Department of Microbiology, Medical School, University of Athens, Athens, Greece.
J Antimicrob Chemother. 2010 Aug;65(8):1664-71. doi: 10.1093/jac/dkq210. Epub 2010 Jun 11.
The increasing frequency of class A KPC enzymes and class B metallo-beta-lactamases (MBLs) among Enterobacteriaceae as well as their possible co-production makes their early differentiation urgent.

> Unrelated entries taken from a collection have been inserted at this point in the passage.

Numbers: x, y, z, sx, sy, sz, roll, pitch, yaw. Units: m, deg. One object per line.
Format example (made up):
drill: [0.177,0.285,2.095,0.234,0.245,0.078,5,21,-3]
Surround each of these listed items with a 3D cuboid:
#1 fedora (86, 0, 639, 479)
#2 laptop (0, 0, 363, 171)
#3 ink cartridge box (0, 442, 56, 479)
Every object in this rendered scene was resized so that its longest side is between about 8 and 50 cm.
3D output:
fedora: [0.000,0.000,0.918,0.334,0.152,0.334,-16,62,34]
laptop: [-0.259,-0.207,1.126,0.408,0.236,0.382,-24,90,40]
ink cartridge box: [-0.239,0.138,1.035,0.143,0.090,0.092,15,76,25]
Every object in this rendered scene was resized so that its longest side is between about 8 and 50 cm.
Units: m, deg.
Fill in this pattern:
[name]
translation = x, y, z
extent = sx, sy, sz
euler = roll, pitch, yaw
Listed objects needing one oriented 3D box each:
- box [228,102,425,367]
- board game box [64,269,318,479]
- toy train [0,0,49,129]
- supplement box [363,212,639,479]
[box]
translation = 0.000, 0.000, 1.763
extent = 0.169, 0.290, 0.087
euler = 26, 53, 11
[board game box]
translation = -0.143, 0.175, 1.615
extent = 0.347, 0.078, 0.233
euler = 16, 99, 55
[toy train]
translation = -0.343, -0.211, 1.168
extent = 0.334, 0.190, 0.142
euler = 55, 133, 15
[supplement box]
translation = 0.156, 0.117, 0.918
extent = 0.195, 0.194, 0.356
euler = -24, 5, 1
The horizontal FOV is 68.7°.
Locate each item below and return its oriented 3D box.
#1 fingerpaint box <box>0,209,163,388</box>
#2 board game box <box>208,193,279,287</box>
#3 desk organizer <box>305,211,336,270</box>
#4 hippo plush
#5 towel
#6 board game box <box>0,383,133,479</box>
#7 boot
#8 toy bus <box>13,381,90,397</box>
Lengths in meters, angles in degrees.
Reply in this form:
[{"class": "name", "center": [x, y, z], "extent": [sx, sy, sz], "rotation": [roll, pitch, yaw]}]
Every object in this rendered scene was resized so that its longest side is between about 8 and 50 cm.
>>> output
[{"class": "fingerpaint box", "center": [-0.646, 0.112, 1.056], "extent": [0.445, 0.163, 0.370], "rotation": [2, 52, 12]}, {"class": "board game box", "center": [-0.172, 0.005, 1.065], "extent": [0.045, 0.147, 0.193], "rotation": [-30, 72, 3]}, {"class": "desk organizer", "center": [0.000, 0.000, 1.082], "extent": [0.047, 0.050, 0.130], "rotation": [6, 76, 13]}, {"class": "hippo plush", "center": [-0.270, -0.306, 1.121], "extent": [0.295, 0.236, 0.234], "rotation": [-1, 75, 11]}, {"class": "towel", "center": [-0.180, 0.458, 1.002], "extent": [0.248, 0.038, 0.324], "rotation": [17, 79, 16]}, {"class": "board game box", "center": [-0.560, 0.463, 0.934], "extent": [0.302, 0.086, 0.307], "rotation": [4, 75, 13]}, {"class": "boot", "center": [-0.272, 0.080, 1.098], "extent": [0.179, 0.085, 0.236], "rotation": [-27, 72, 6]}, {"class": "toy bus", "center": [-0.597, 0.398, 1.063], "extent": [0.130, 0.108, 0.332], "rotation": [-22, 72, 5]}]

A simple phenotypic algorithm employing three combined-disc tests consisting of meropenem alone and with phenylboronic acid (PBA), EDTA, or both PBA and EDTA was designed for the differentiation of KPC and MBL enzymes. Augmentation of the zone of inhibition by >or=5 mm was considered a positive combined-disc test result. A total of 141 genotypically confirmed carbapenemase-positive Enterobacteriaceae clinical isolates (63 KPC producers, 47 MBL producers, and 31 KPC and MBL producers) with various carbapenem MICs were examined. For comparison, 84 genotypically confirmed carbapenemase-negative Enterobacteriaceae clinical isolates [39 extended-spectrum beta-lactamase (ESBL) producers, 22 AmpC producers, and 23 ESBL and AmpC producers] were also tested.
The phenotypic algorithm was able to differentiate MBL from KPC producers as well as to detect the possible co-production of both carbapenemases (positive result only with the combined-disc test using meropenem alone and with both PBA and EDTA). The method detected all KPC or MBL producers (sensitivity 100%) as well as 30 of the KPC and MBL producers (sensitivity 96.8%). All three combined-disc tests were negative for non-carbapenemase-producing isolates, except two ESBL and AmpC producers that gave positive combined-disc tests using meropenem alone and with PBA and both PBA and EDTA (specificity for KPC detection 98.8%).
This phenotypic method is very helpful to detect carbapenemase production and provides a simple algorithm for the differentiation of KPC and MBL enzymes, especially in regions where KPC- and MBL-possessing Enterobacteriaceae are highly prevalent.
肠杆菌科中 A 类 KPC 酶和 B 类金属β-内酰胺酶(MBLs)的频率不断增加,以及它们可能的共同产生,使得对它们进行早期区分变得尤为迫切。
设计了一种简单的表型算法,该算法使用三个组合圆盘试验,包括单独使用美罗培南以及联合使用苯硼酸(PBA)、乙二胺四乙酸(EDTA)或 PBA 和 EDTA。如果抑制带的宽度增加>或=5 毫米,则被认为是阳性组合圆盘试验结果。共检测了 141 株经基因确证的产碳青霉烯酶的肠杆菌科临床分离株(63 株 KPC 产生菌、47 株 MBL 产生菌和 31 株 KPC 和 MBL 产生菌),这些分离株的各种碳青霉烯 MIC 不同。为了比较,还检测了 84 株经基因确证的产碳青霉烯酶阴性的肠杆菌科临床分离株(39 株超广谱β-内酰胺酶(ESBL)产生菌、22 株 AmpC 产生菌和 23 株 ESBL 和 AmpC 产生菌)。
表型算法能够区分 MBL 和 KPC 产生菌,并且能够检测出两种碳青霉烯酶的可能共同产生(仅使用单独的美罗培南以及联合使用 PBA 和 EDTA 的组合圆盘试验呈阳性结果)。该方法能够检测到所有的 KPC 或 MBL 产生菌(敏感性为 100%)以及 30 株 KPC 和 MBL 产生菌(敏感性为 96.8%)。除了 2 株同时使用单独的美罗培南、PBA 和 PBA 和 EDTA 进行组合圆盘试验呈阳性的 ESBL 和 AmpC 产生菌外,所有三种组合圆盘试验对非产碳青霉烯酶的分离株均呈阴性(KPC 检测的特异性为 98.8%)。
这种表型方法非常有助于检测碳青霉烯酶的产生,并提供了一种简单的算法,用于区分 KPC 和 MBL 酶,特别是在存在大量携带 KPC 和 MBL 的肠杆菌科的地区。